/huffman

An implementation of the Huffman code in C17.

Primary LanguageCDo What The F*ck You Want To Public LicenseWTFPL

huffman

An implementation of the Huffman code in C17.

Compatibility

The code should work on any system that supports C17 and the uint64_t datatype, including MSb-first as bit numbering is expected. Big-endian and little-endian systems are cross-compatible, except when the decoded file contains only one byte type. The last requirement is a byte consisting of 8 bits.

Building/Installation

To compile the project, run make.
The Makefile needs to be modified for non linux systems, the resulting executable is in the same directory as the Makefile and is called huffman, to install it system wide run make install. To remove it, make uninstall.
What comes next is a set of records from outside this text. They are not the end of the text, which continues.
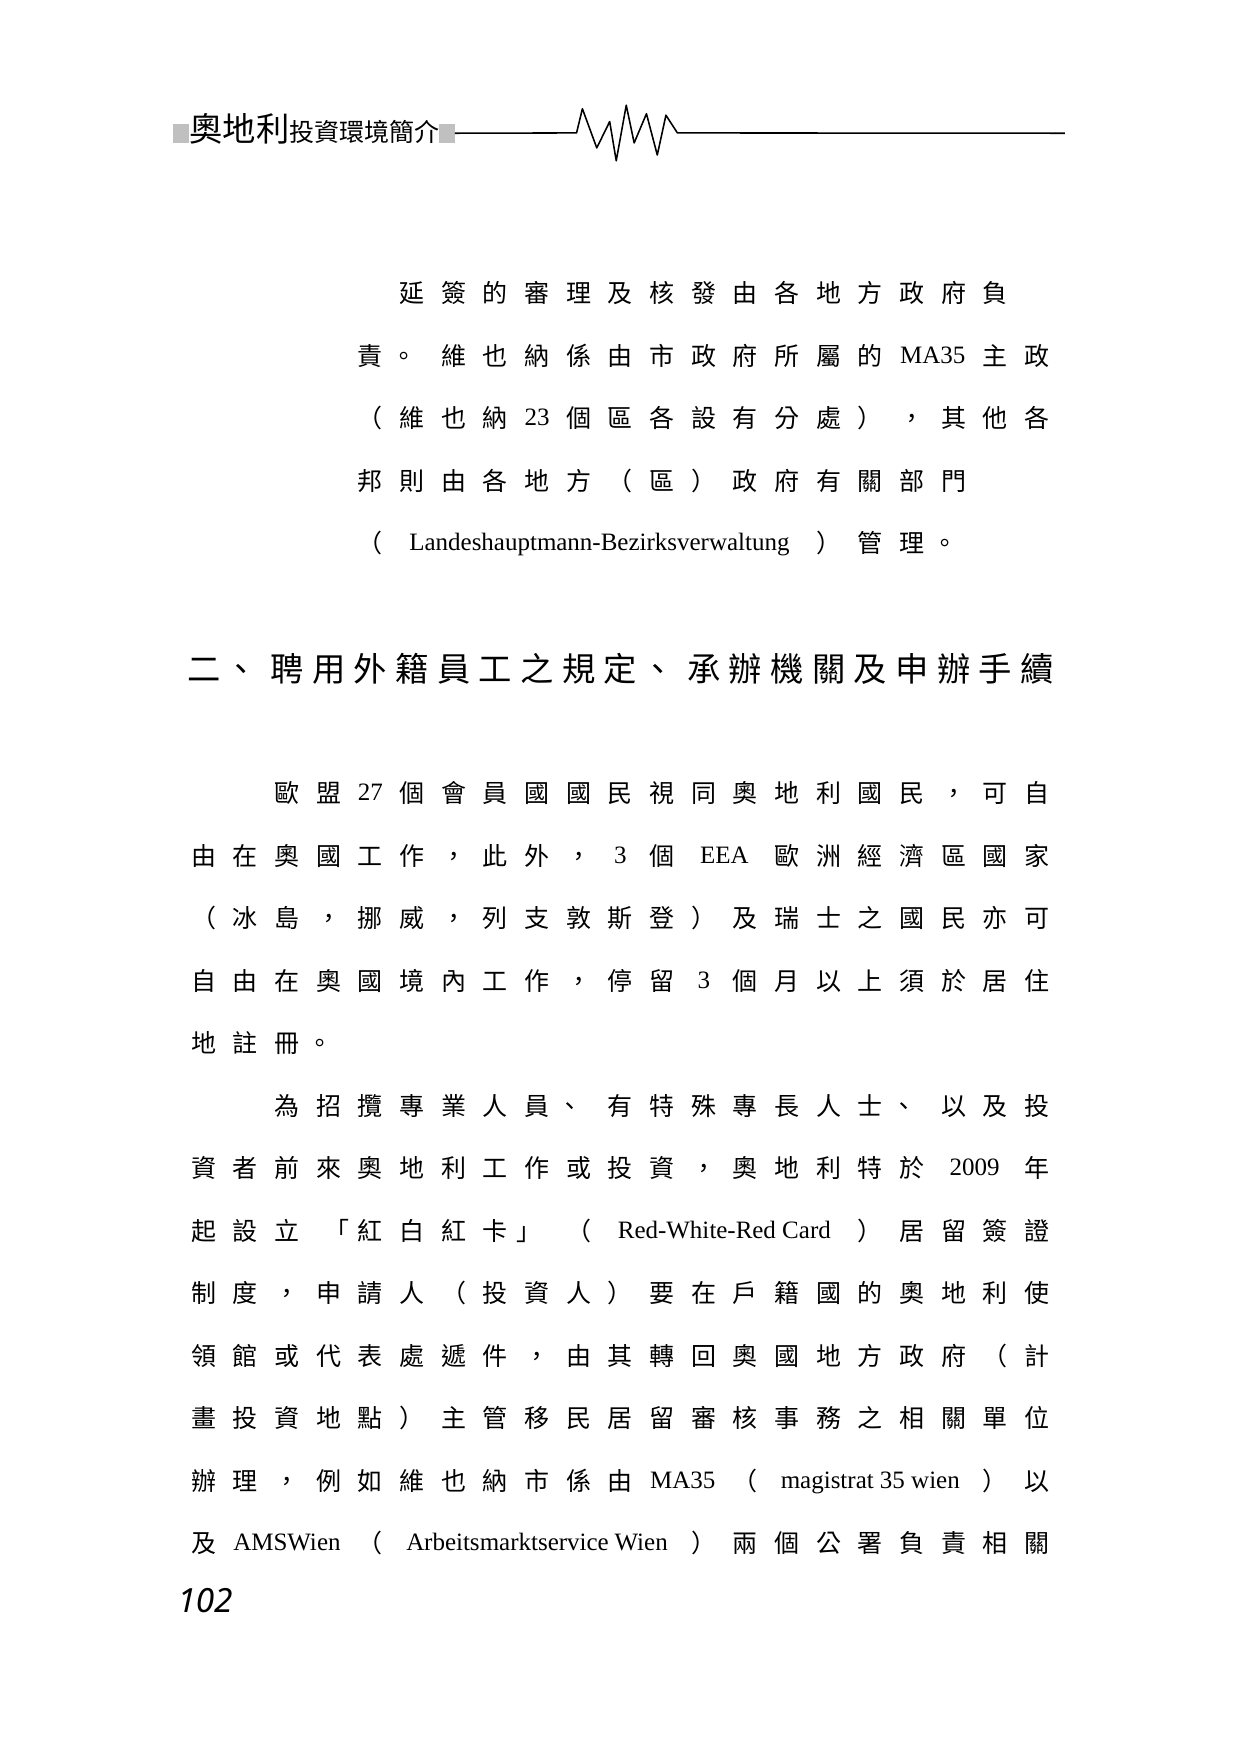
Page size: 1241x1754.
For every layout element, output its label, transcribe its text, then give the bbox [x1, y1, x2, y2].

text 延簽的審理及核發由各地方政府負責。維也納係由市政府所屬的MA35主政（維也納23個區各設有分處），其他各邦則由各地方（區）政府有關部門（Landeshauptmann-Bezirksverwaltung）管理。 [330, 250, 1058, 563]
text 為招攬專業人員、有特殊專長人士、以及投資者前來奧地利工作或投資，奧地利特於2009年起設立「紅白紅卡」（Red-White-Red Card）居留簽證制度，申請人（投資人）要在戶籍國的奧地利使領館或代表處遞件，由其轉回奧國地方政府（計畫投資地點）主管移民居留審核事務之相關單位辦理，例如維也納市係由MA35（magistrat 35 wien）以及AMSWien（Arbeitsmarktservice Wien）兩個公署負責相關 [183, 1063, 1058, 1563]
text 二、聘用外籍員工之規定、承辦機關及申辦手續 [183, 625, 1058, 688]
text 歐盟27個會員國國民視同奧地利國民，可自由在奧國工作，此外，3個EEA歐洲經濟區國家（冰島，挪威，列支敦斯登）及瑞士之國民亦可自由在奧國境內工作，停留3個月以上須於居住地註冊。 [183, 750, 1058, 1063]

Use make debug for development , the compiled binary is slower, but includes address sanitiser and debug symbols.

Usage

$ huffman help
Encodes and decodes data using huffman algorithm.

Usage:
 huffman (encode|decode) [INFILE [OUTFILE]]
 huffman help

Note:
 - may be used for stdin / stdout
 When omitting INFILE/OUTFILE, stdin/stdout is used

Performance

Benchmark on a laptop with an nvme, data is randomly generated:

encoding decoding
1 KiB 0.004s 0.003s
1 MiB 0.020s 0.031s
100 MiB 2.018s 2.982s
1 GiB 10.767s 15.782s
10 GiB 61.474s 101.383s

Limitations

The maximum depth for the tree is hardcoded to 64. This paper shows that $F_{k+2}$ is the minimum number of symbols required to create a tree of depth $k$, where $F_n$ is the nth Fibonacci number.
To build a tree of depth 65 (which would fail), you'd need $F_{67}$ bytes. So this Huffman implementation should not fail for up to $F_{67}-1$ bytes, or about $44.94557021$ TiB.
There is another limit: the frequency per symbol. The frequency of each symbol is stored as uint64_t, so each symbol can occur at most $2^{64}-1$ times, which is about $1.844674407\cdot10^{19}$ or $16'777'216$ TiB.
The absolute limit that this Huffman implementation can handle is when each symbol frequency is maxed out, so $2^8\cdot2^{64}=2^{72}$, about $4'294'967'296$ TiB.

The file format

The file format has a simple structure, first the tree is decoded, then comes the encoded data, and the last three bits indicate the number of significant bits in the last byte.
The tree is stored as described here:

  • Start at root
  • go left, write 0
    • If leaf, write 1, then symbol, continue
    • If not leaf, repeat this step
  • go right, write 0
    • If leaf, write 1, then symbol, continue
    • If not leaf, repeat this step

There is a special case when only one type of symbol is encoded, e.g. "AAA". Then the first bit is 1, the second byte is the symbol to decode and the following 8 bytes are the frequency of the symbol as uint64_t. Only this scenario isn't cross-compatible between little-endian and big-endian.